When is a monopoly not OK?
By Marc E. Brown - August 1, 1998
By Marc E. Brown
photograph by Scott Gilbert
The recent antitrust lawsuits against Microsoft and Intel remind me of the question my antitrust professor used to ask: "Is it illegal just to be big?"
The answer is still "no." Yet, it is often difficult to distinguish between lawful competition and activity that violates the antitrust laws. That difference can be important. Up to a $10 million fine and three years in jail can be imposed. A competitor can also sue for treble damages and attorney fees.
Surprisingly, even a small company can violate the antitrust laws. Any agreement between two companies that "unreasonably restrains competition" is illegal. Although a vague test, there are several types of agreements that should be avoided. These include agreements to: set prices; divide territories or customers among competitors; not buy from a supplier or sell to a customer; purchase from only one supplier or sell to only one customer; and terminate a distributorship.
Microsoft is alleged to have entered into impermissible agreements with OEMs, Internet service providers (ISPs) and online services. Allegedly, these agreements prohibited these customers from using competitive browsers, or at least made it difficult for them to do so. No illegal agreement is alleged in the Intel suit.
The unilateral action of a single company with a large market share can also violate the antitrust laws. "Development [of a monopoly] as a consequence of a superior product, business acumen or historic accident" is lawful. The "willful acquisition or maintenance" of monopoly power is not.
One of the classic unilateral-action taboos is "predatory pricing"--selling at a low price to put a competitor out of business. Another risky area is "monopoly leveraging"--using monopoly power in one market to obtain it in another. One example, called "tying," is refusing to sell a component over which there is a monopoly, unless another is purchased with it. Microsoft allegedly refused to sell Windows 95/98 to OEMs unless they also purchased and installed Microsoft's browser, Internet Explorer. Likewise, Intel is alleged to have misused its monopoly power in microprocessors by refusing to provide certain customers with technical information, unless the customers licensed Intel under related patents.

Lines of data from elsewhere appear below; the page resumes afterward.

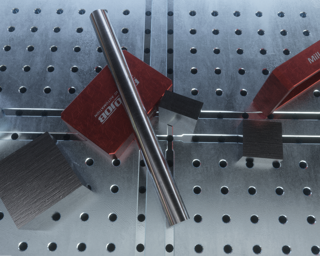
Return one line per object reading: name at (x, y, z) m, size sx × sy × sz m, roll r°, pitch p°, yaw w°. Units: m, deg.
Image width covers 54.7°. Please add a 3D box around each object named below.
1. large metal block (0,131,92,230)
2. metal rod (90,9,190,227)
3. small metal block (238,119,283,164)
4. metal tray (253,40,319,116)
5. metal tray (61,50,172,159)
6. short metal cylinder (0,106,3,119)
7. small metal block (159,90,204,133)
large metal block at (-0.143, 0.065, 0.374) m, size 0.080 × 0.050 × 0.080 m, roll -35°, pitch 74°, yaw -12°
metal rod at (-0.033, -0.027, 0.388) m, size 0.025 × 0.025 × 0.299 m, roll -20°, pitch 71°, yaw -7°
small metal block at (0.131, 0.018, 0.406) m, size 0.050 × 0.025 × 0.050 m, roll 5°, pitch 70°, yaw 1°
metal tray at (0.192, -0.074, 0.405) m, size 0.131 × 0.090 × 0.030 m, roll -32°, pitch 73°, yaw -11°
metal tray at (-0.056, -0.034, 0.421) m, size 0.090 × 0.030 × 0.130 m, roll 35°, pitch 74°, yaw 12°
short metal cylinder at (-0.248, -0.034, 0.393) m, size 0.050 × 0.080 × 0.080 m, roll -31°, pitch 73°, yaw -10°
small metal block at (0.026, -0.020, 0.406) m, size 0.050 × 0.050 × 0.025 m, roll 20°, pitch 72°, yaw 7°
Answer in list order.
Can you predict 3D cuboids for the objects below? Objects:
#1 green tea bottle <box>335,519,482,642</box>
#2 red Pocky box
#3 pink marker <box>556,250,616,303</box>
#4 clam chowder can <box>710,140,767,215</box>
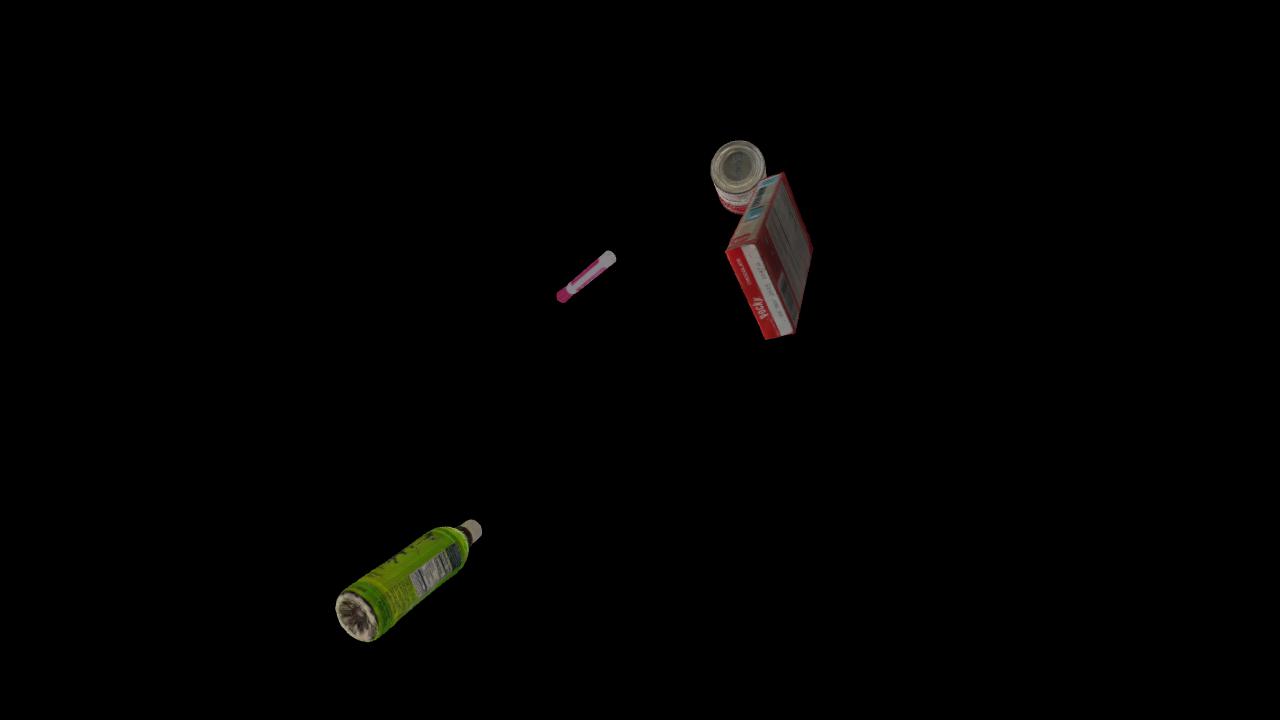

Before unilateral action can constitute a violation, the company must have "monopoly power" in a "relevant market," or at least a "dangerous probability" of obtaining that power. Courts examine whether the company has the power to control prices or exclude competition. Microsoft is alleged to possess monopoly power in PC operating systems and to have a dangerous probability of obtaining monopoly power in Internet browsers. Intel is alleged to have monopoly power in general-purpose microprocessors or a dangerous probability of obtaining this power.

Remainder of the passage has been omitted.